Minerals make up 60-80% of all the inorganic (noncarbon-containing) material in the body and fall into two categories: macrominerals and microminerals. There are seven macrominerals – also known as major or bulk minerals: calcium, chloride, magnesium, phosphorus, potassium, sodium and sulfur. They are present in virtually every cell in the body. In fact, the human body needs at least 100 milligrams (mg) of each every day – just for normal functioning and well-being. Microminerals, commonly called trace minerals, are required in smaller quantities – typically less than 100 mg per day. Still, some are considered “essential” for good nutrition. Essential microminerals include chromium, copper, fluoride, iodine, iron, manganese, molybdenum, selenium and zinc. Dietary minerals serve a life-sustaining function by helping the body operate properly and remain strong. Minerals not only build skeletal and soft tissues, they also regulate processes – such as heartbeat, normal blood clotting, internal fluid pressure, nerve reactions, impulse transmissions, muscle contractions, oxygen transport, acid-base balance to keep the body pH neutral, and enzyme and hormone systems.
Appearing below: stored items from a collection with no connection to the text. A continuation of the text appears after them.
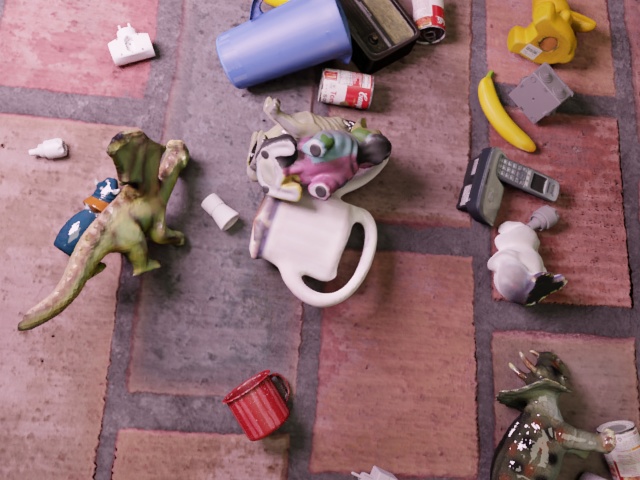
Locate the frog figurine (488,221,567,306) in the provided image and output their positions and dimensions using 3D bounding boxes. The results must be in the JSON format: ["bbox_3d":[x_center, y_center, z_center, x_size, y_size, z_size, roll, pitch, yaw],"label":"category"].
[{"bbox_3d":[0.373,0.039,0.981,0.137,0.120,0.163,-1,43,-29],"label":"frog figurine"}]

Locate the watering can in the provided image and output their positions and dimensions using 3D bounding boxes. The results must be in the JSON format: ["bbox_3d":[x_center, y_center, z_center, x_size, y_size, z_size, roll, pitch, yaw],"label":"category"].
[{"bbox_3d":[0.003,-0.048,0.950,0.224,0.102,0.355,18,62,0],"label":"watering can"}]

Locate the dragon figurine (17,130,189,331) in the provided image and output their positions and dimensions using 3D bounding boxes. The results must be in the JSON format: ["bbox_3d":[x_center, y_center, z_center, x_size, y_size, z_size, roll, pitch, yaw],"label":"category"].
[{"bbox_3d":[-0.316,-0.056,0.813,0.122,0.418,0.238,13,117,11],"label":"dragon figurine"}]

What are free radicals and antioxidants?

Free radicals are generated by exposure to harmful environmental factors, such as: smog, ozone, chemicals, drugs, smoking and radiation, as well as during normal physiological processes, especially in defense against microbes and other foreign substances. Free radicals can damage DNA, proteins and lipids within cells, altering or inhibiting cellular function. Dietary antioxidants, such as vitamins E and C, carotenoids and others, function to help control or eliminate free radicals by donating electrons, thus, maintaining cellular health by offsetting the damage they can potentially cause. Antioxidants that are available through the diet are considered exogenous antioxidants and include: amino acids [N-acetyl-L-cysteine (NAC), taurine and L-glutathione (tripeptide)], vitamins C and E, carotenoids (beta-carotene, lycopene, lutein and zeaxanthin), and minerals (selenium and zinc). Antioxidants produced in the body are considered endogenous antioxidants and include: ubiquinone/ubiquinol (CoQ10), alpha lipoic acid and the master cellular defense enzyme, superoxide dismutase (SOD) and many more. However, many factors have been found to compromise the levels of endogenous antioxidants in the body making supplementation essential, such as the normal aging process, certain medications and oxidative stress.